Micro fiction = A subset of Flash fiction with an even smaller word count. Definitions vary depending on the publisher, but under 100 words is always considered micro fiction. Some consider up to 300 or 450 words micro fiction.

MG = Middle Grade (this is not a genre like mystery or romance, but rather a sub group within a genre where the stories are usually written for readers ages 8-12, feature main characters in that same approximate age range, and deal with themes appropriate for that age group.)

MS = Manuscript

NA = New Adult. Its a niche category of readership, sometimes lumped with young adult, and sometimes with adult. New Adult stories tend to deal with protagonists ages 18-30 whose struggles include leaving home, establishing themselves in the workplace, attending college, wedding engagements, loss of innocence, fear or failure, or any other trials of life often associated with the years between high school and feeling like an established adult.

NaNoWriMo – Stands for National Novel Writing Month. In the month of November, authors strive to write 50,000 words. Those wanting to take on the challenge can sign up on

PB – Stands for Picture book.

POV = Point of View. This refers to the perspective from which the story is told. The most common points of view for fiction writing are First Person (the main character is narrating the story and we have a lot of “I” pronouns), Third Person limited (the story is told from the perspective of just one character–or just one at a time–but uses he/she pronouns), and Third Person Omniscient (there is a separate all-knowing narrator that tells the story and is not limited to only the events or thoughts of one character when relating the story.)

Pulp Fiction or Pulpy – From the era where sensationalized, escapist stories with fantastic elements were mass produced on rough, pulpy paper, the term today is used to describe stories where there is a lot of adventure, bigger-than-life-heros, usually exotic settings, and often employing cliche characters. The emphasis of the writing focuses on the action more than elements like character arcs or theme.
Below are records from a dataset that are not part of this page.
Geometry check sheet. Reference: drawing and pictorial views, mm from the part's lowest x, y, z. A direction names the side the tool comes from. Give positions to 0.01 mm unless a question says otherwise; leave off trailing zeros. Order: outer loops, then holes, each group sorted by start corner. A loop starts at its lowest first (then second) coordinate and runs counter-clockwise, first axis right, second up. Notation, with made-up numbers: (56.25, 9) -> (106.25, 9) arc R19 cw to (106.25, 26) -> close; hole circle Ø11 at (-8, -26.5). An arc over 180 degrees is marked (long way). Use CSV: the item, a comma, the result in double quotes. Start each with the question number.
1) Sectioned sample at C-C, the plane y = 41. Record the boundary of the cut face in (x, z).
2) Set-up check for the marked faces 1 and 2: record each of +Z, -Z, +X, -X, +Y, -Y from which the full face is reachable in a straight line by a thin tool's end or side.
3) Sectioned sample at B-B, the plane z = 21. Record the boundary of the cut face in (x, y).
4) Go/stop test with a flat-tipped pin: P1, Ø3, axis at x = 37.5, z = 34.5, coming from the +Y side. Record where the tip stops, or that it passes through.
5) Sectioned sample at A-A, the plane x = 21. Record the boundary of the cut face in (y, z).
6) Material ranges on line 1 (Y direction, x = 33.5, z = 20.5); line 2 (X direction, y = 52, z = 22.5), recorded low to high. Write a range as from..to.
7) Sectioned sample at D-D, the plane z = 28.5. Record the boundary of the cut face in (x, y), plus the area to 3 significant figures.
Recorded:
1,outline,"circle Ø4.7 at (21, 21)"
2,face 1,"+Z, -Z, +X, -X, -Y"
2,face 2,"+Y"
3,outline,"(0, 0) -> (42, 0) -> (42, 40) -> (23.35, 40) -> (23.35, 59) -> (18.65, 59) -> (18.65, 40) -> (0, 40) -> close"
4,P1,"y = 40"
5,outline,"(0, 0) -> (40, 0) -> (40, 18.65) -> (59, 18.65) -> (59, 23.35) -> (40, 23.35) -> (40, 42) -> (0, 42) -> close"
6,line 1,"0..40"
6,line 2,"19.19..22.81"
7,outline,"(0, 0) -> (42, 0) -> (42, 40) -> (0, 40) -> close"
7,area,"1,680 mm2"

Purple or Purple Prose – If something is described as “purple” in the literary world, it means it comes across as overly flowery and showy, as something that is ornate just for the sake of being ornate.

Query – A letter sent to prospective agents or editors telling them about a manuscript in hopes that they will request a sample or full copy of the manuscript and want to represent or publish the author.

Save the Cat = A phrase referring to a heroic or kind action preformed by a character in order to have readers like that character more. The phrase comes from the  book “Save the Cat” by Blake Snyder that authors of all kinds (not just screenwriters) often recommend.

SFF – also seen as SF/F – Abbreviation for the genres of Science Fiction and Fantasy.

Space Opera – A subgenre of Science Fiction, space operas are typically epic adventure stories set in space, usually seen as soft sci-fi (with the “how” of things like hyperspace and “the force” being glossed over) as opposed to hard sci-fi (which focuses on giving scientifically technical explanations of things). Space operas tend to be more melodramatic in nature, often involving space warfare, romance, and themes of good vs. evil.

Speculative Fiction – Fiction stories that are set in something other than the real world, containing any kind of supernatural, futuristic, or fantastical elements. The term is a broad umbrella, encompassing within it genres such as science fiction, fantasy, dystopian, superheros, mythology, and some horror.

Story Bible – A collection of outlines, setting descriptions, character profiles, research, background information, and any other pre-writing documents used to plan your story.

WC = Sometimes use to abbreviate word count

WIP = Work in Progress. Whether you are brainstorming additional plot points, outlining it, writing your first draft, or editing, if you have an idea for a story you are working on at all, you can call it your WIP.

YA = Young adult (this is not a genre like mystery or romance, but rather a sub group within a genre where the stories are usually written for readers ages 13-18, feature main characters in that same approximate age range, and deal with themes appropriate for that age group.)